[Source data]

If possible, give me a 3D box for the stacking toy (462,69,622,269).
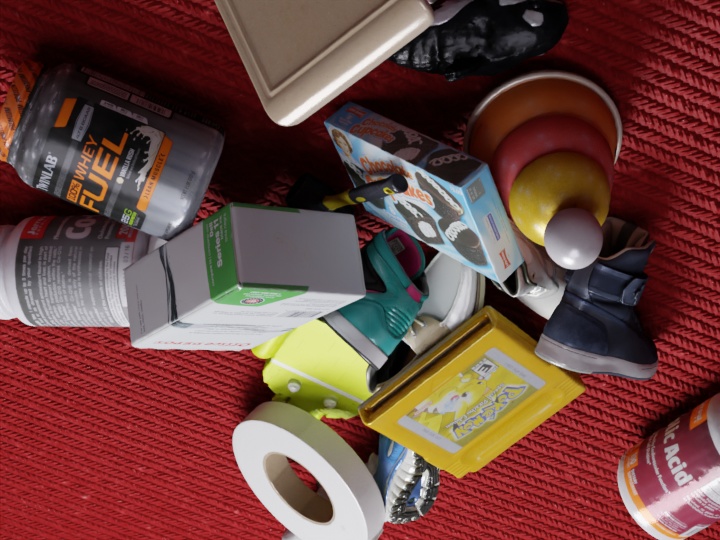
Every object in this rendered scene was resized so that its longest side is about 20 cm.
[{"bbox_3d":[0.168,-0.065,1.276,0.145,0.201,0.147,-2,128,-2],"label":"stacking toy"}]

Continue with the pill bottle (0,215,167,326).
[{"bbox_3d":[-0.294,0.001,1.524,0.198,0.114,0.114,0,135,13],"label":"pill bottle"}]

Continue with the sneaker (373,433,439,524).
[{"bbox_3d":[0.058,0.180,1.644,0.078,0.089,0.201,3,122,-38],"label":"sneaker"}]

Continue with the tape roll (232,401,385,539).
[{"bbox_3d":[-0.059,0.237,1.681,0.202,0.037,0.204,29,143,25],"label":"tape roll"}]

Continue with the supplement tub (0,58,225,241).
[{"bbox_3d":[-0.236,-0.115,1.389,0.199,0.123,0.123,21,135,-9],"label":"supplement tub"}]

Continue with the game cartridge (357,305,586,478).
[{"bbox_3d":[0.119,0.133,1.538,0.176,0.033,0.200,-39,138,15],"label":"game cartridge"}]

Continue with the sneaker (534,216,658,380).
[{"bbox_3d":[0.256,0.027,1.451,0.077,0.147,0.202,22,-173,33],"label":"sneaker"}]

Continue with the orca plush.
[{"bbox_3d":[0.075,-0.197,1.271,0.198,0.071,0.106,10,136,4],"label":"orca plush"}]

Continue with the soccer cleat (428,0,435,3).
[{"bbox_3d":[0.056,-0.268,1.208,0.199,0.070,0.087,-32,98,24],"label":"soccer cleat"}]

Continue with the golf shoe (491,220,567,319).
[{"bbox_3d":[0.154,0.003,1.437,0.078,0.098,0.200,-24,127,30],"label":"golf shoe"}]

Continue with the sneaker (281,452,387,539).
[{"bbox_3d":[-0.031,0.273,1.780,0.199,0.075,0.089,-32,108,30],"label":"sneaker"}]

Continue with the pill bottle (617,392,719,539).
[{"bbox_3d":[0.377,0.197,1.568,0.114,0.115,0.200,32,132,-19],"label":"pill bottle"}]

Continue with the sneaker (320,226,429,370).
[{"bbox_3d":[0.000,0.000,1.460,0.121,0.200,0.084,-46,133,-1],"label":"sneaker"}]

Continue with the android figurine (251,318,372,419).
[{"bbox_3d":[-0.031,0.099,1.617,0.181,0.041,0.200,27,132,-14],"label":"android figurine"}]

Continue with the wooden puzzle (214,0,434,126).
[{"bbox_3d":[-0.045,-0.247,1.222,0.184,0.037,0.201,-32,84,36],"label":"wooden puzzle"}]

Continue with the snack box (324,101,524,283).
[{"bbox_3d":[0.056,-0.073,1.342,0.200,0.037,0.117,31,155,47],"label":"snack box"}]

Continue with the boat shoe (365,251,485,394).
[{"bbox_3d":[0.064,0.056,1.497,0.068,0.075,0.201,-4,129,-33],"label":"boat shoe"}]

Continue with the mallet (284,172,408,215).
[{"bbox_3d":[-0.001,-0.063,1.386,0.066,0.041,0.199,40,161,-25],"label":"mallet"}]

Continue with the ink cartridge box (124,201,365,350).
[{"bbox_3d":[-0.113,0.011,1.398,0.146,0.084,0.199,4,160,-39],"label":"ink cartridge box"}]
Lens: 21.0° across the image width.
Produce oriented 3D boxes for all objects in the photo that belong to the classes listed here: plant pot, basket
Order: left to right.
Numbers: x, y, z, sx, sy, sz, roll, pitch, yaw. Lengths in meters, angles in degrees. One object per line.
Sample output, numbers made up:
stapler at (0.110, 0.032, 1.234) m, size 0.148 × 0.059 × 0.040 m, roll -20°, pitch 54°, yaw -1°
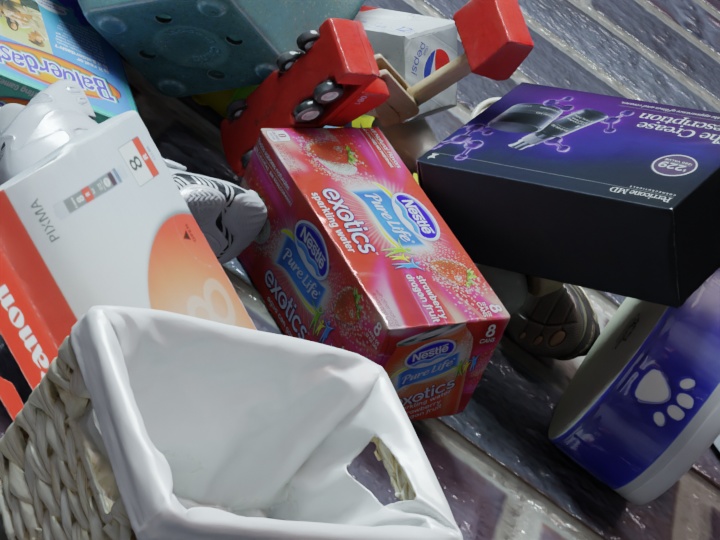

= What to do =
For each line above that includes "pitch", make a copy.

= The answer =
Numbers: x, y, z, sx, sy, sz, roll, pitch, yaw. Lengths in meters, angles in degrees. One object per line.
stapler at (0.110, 0.032, 1.234) m, size 0.148 × 0.059 × 0.040 m, roll -20°, pitch 54°, yaw -1°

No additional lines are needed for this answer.